Data-driven marketing often begins with understanding predictive marketing and how artificial intelligence can be applied to marketing to analyse and activate customer data.
- Artificial Intelligence: The process of using machines and computer systems able to perform tasks that normally require human intelligence, such as visual perception, speech recognition and decision-making.

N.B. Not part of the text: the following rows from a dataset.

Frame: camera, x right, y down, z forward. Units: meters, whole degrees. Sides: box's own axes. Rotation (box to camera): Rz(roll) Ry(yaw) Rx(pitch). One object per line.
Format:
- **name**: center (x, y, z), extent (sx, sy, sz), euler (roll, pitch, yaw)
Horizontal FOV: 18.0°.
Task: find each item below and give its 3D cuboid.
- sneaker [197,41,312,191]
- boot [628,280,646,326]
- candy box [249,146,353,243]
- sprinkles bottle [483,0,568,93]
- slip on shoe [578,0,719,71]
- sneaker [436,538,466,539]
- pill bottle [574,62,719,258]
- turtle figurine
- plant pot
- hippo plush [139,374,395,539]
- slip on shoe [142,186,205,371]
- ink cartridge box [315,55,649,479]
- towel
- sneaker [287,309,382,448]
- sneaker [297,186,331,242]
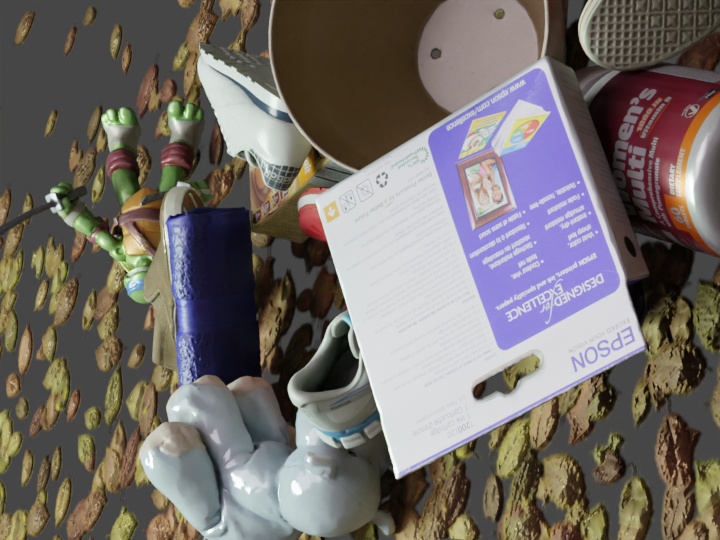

- Algorithm: A sequence of steps or rules designed to produce a specific outcome from a set of inputs. In marketing, algorithms can be used to impact both smaller tasks like purchasing advertisements, as well as major strategic decisions like selecting a specific vertical for a long-term ABM campaign.
- Machine Learning: At its core, a way to quickly label and analyse huge data sets. Marketers can do this on their own, but a machine helps do it faster and on a much larger scale.
Once machine learning technology has identified different trends in customer behavior, marketers can use these customer profiles to create data cohorts.
- Data Cohort: Specific experiences, events or other factors shared by a group of consumers. These cohorts are used to identify and target segments of the market that are more effectively grouped and treated as one.
- Target Audience: Defined by looking at the preferences of each cohort at a more detailed level, the specific group of consumers most likely to want your product or service, and therefore the group of people you should target for your campaign. Audiences can be segmented by age, gender, income, location, interests and a number of other factors.
Having all of this data accessible can help marketers future-proof their data strategy through predictive analytics to assess the likelihood of an event happening in the future. With a predictive marketing strategy, companies can anticipate the next best action to take for each customer. Some tools that marketers can use to communicate more effectively with customers are:
- Customer Journey Mapping: A visualization of every customer interaction in context of a customer’s long-term relationship with your brand.
- Marketing Automation: Technology that helps marketers save time, energy and money by automating repetitive tasks such as sending personalised emails or text messages for each audience segment.
- Low-Code Tools: Templates or front-end technology that enables marketers to customise web pages and experiences without the help of a developer.
Composable Data and the Composable Enterprise
With so much data and insight into customer experiences at marketers’ fingertips, organisations must have a larger strategy in place for how to assemble all of these pieces into the unique experiences their customers want. The flexibility, speed and freedom required to shape these moments on demand has been referred to as the model of a composable enterprise.
- Composable Enterprise: An emerging concept from Gartner, who defines it as, “An organisation that delivers business outcomes and adapts to the pace of business change. It does this through the assembly and combination of packaged business capabilities.”
- Composable Commerce: A subset of the composable enterprise vision; a commerce strategy that allows businesses to select best-in-class technology from various vendors rather than relying on a single vendor to provide a standard functionality.